CN115886767A - Hemodynamics platform measuring method - Google Patents

Abstract

A hemodynamics platform measuring method is characterized in that a pulse wave of a person to be measured is measured by keeping a constant pressure on a measuring platform with the pressure of a blood pressure belt of an electronic sphygmomanometer in a range of 55-70 mm Hg, at least one pulse wave is captured from a plurality of measured pulse waves, and the heart stroke quantity is calculated by matching the waveform and characteristic point parameters of each pulse wave with the systolic pressure and diastolic pressure of the blood pressure of the person to be measured; the invention can change the pressure of the measuring platform by selecting the pressure of the measuring platform in a proper interval of 55-70 mm Hg in cooperation with the diastolic pressure and the physiological condition of different testees and the signal quality of the electronic sphygmomanometer, so that each tester can obtain a typical pulse waveform by proper measuring platform, the accuracy of the measuring result is improved, and the proportion of people who cannot be measured is reduced.

Description

Hemodynamic platform measurement method

Technical Field

The present invention relates to a measurement method, and in particular to a hemodynamic platform measurement method.

Background Art

Hemodynamic monitoring is a very important treatment activity for cardiovascular diseases. Its parameters, such as cardiac output (CO), refer to the total amount of blood ejected by a single ventricle per minute. It is the product of heart rate (HR) and stroke volume (SV), and is an important indicator of cardiac function. Through hemodynamic monitoring, clinical medical staff can identify the cause of the disease at an early stage, provide patients with appropriate medical treatment in a timely manner, and reduce the mortality rate of heart patients.

Currently, cardiac output monitoring technologies include invasive and non-invasive technologies. Invasive cardiac output detection technologies, such as cardiopulmonary volume monitoring (PiCCO), use the transpulmonary temperature dilution method and pulse curve analysis method to place a central venous catheter and an arterial catheter in the human body, inject a certain amount of ice water from the central venous end, and measure the temperature and time change line at the arterial end to measure the cardiac output.

Non-invasive cardiac output detection technologies such as impedance cardiovascular flow graph (ICG) are to set electrodes at both ends of the tissue chest cavity to measure the impedance cardiovascular flow graph, and substitute the parameters in the graph into the Kubicek stroke volume formula to calculate the cardiac output (CO); non-invasive cardiac output detection also has a pulse wave-based method, which is based on the elastic organ model (Windkessel Model). After obtaining the pulse wave using a pressure pulse device, the cardiac output (CO) is calculated using the pulse wave signal, waveform, and characteristic points of the waveform. Compared with invasive methods, the above non-invasive measurement methods have the advantages of being non-invasive, safe, and simple. However, in the method of calculating cardiac output using pulse waves, whether the waveform of the pulse wave typically shows each characteristic point is related to the pressure of the compression cuff. Therefore, choosing an appropriate platform pressure to measure the pulse wave is very important for the measurement result.

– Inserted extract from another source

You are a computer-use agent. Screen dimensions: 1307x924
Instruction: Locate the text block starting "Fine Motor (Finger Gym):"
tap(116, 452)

Too high or too low will reduce the accuracy and reduce the number of people who can use this method for measurement.

Summary of the invention

Since the accuracy of the existing method of calculating cardiac output using pulse waves is related to the pressure of the selected measuring platform, the present invention sets a measuring platform in a preferred pressure range, and measures the pulse wave of the subject at a fixed pressure on the measuring platform, thereby improving the accuracy of the measurement results and reducing the proportion of people who cannot be measured.

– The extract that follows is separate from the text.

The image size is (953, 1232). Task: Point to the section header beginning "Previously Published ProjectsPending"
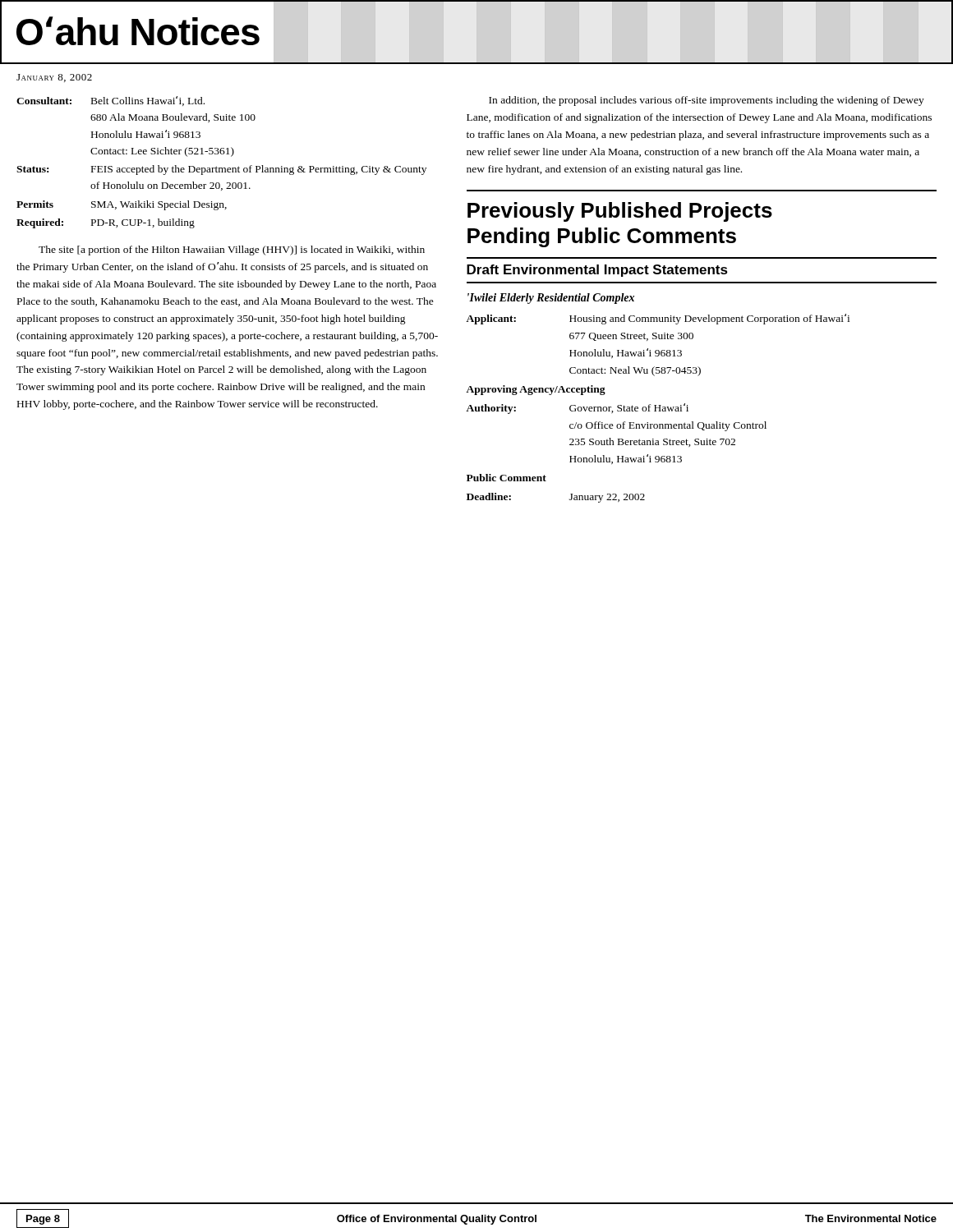pos(701,223)

In order to achieve the above-mentioned object of the invention, the present invention provides a hemodynamic platform measurement method, the steps of which include:

Measuring pulse waves on a measuring platform: inflate a pressure cuff of an electronic sphygmomanometer to a measuring platform with a pressure between 55 and 70 mmHg, and maintain the pressure on the measuring platform for a set time, measure the pulse wave of the subject, and extract at least one pulse wave from the measured multiple pulse waves, wherein the waveform of each pulse wave has characteristic points such as the highest point, the maximum slope point, the turning point, and the lowest point in time sequence;

Blood pressure measurement: measuring the systolic and diastolic blood pressure of the subject; and

Apply the measured parameters to calculate the cardiac output: The cardiac output is calculated based on the waveform of each pulse wave and the parameters of each characteristic point of the waveform in combination with the data of systolic pressure and diastolic pressure.

Furthermore, after the step of measuring the pulse wave on the measuring platform of the present invention, the electronic sphygmomanometer maintains the pressure of the cuff and continues to inflate the cuff to perform the step of measuring the blood pressure of the subject.

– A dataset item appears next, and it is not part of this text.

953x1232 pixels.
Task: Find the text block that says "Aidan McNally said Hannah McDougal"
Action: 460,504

Furthermore, in the present invention, the step of measuring blood pressure precedes the step of measuring pulse wave by the measuring platform, and after the step of measuring blood pressure is completed, the step of measuring pulse wave by the measuring platform is then performed.

Furthermore, the present invention further includes a step of measuring heartbeat, measuring the heart rate of the subject to be tested, and in the step of calculating the cardiac output using the measured parameters, the cardiac output of the subject to be tested is obtained by multiplying the cardiac output by the heart rate.

Furthermore, the calculation of the stroke volume (SV) conforms to the following formula:

Among them, the highest point T _sys (P _sys , t _sys ), the maximum slope point _Tinst (P _inst , t _inst ), the turning point T _dic (P _dic , t _dic ), and the lowest point T _dia (P _dia , t _dia ).

Compared with the prior art, the present invention has the following beneficial effects:

The measuring platform for measuring the pulse wave of the present invention is an appropriate range of 55 to 70 mmHg. During measurement, the pressure of the measuring platform can be changed according to the diastolic pressure, physiological conditions and signal quality of the electronic sphygmomanometer of different subjects, so that each subject can obtain a typical pulse waveform at an appropriate measuring platform, thereby improving the accuracy of the measurement results and reducing the proportion of people who cannot be measured.

The blood pressure measuring step of the present invention can be immediately followed by the step of measuring the pulse wave on the measuring platform, or the two steps can be performed separately at different times or in reverse order. A further effect of the present invention is that if the blood pressure measuring step is performed by inflating the cuff immediately after the step of measuring the pulse wave on the measuring platform, the pulse wave waveform parameters, heart rate and blood pressure required for calculation can be measured in one cycle of inflation and deflation of the cuff, thereby accelerating the efficiency of measuring the cardiac output.

BRIEF DESCRIPTION OF THE DRAWINGS

FIG. 1 is a flow chart of the steps of a preferred embodiment of the present invention.

FIG. 2 is a pressure-time coordinate diagram of a measurement platform and blood pressure measurement according to a preferred embodiment of the present invention.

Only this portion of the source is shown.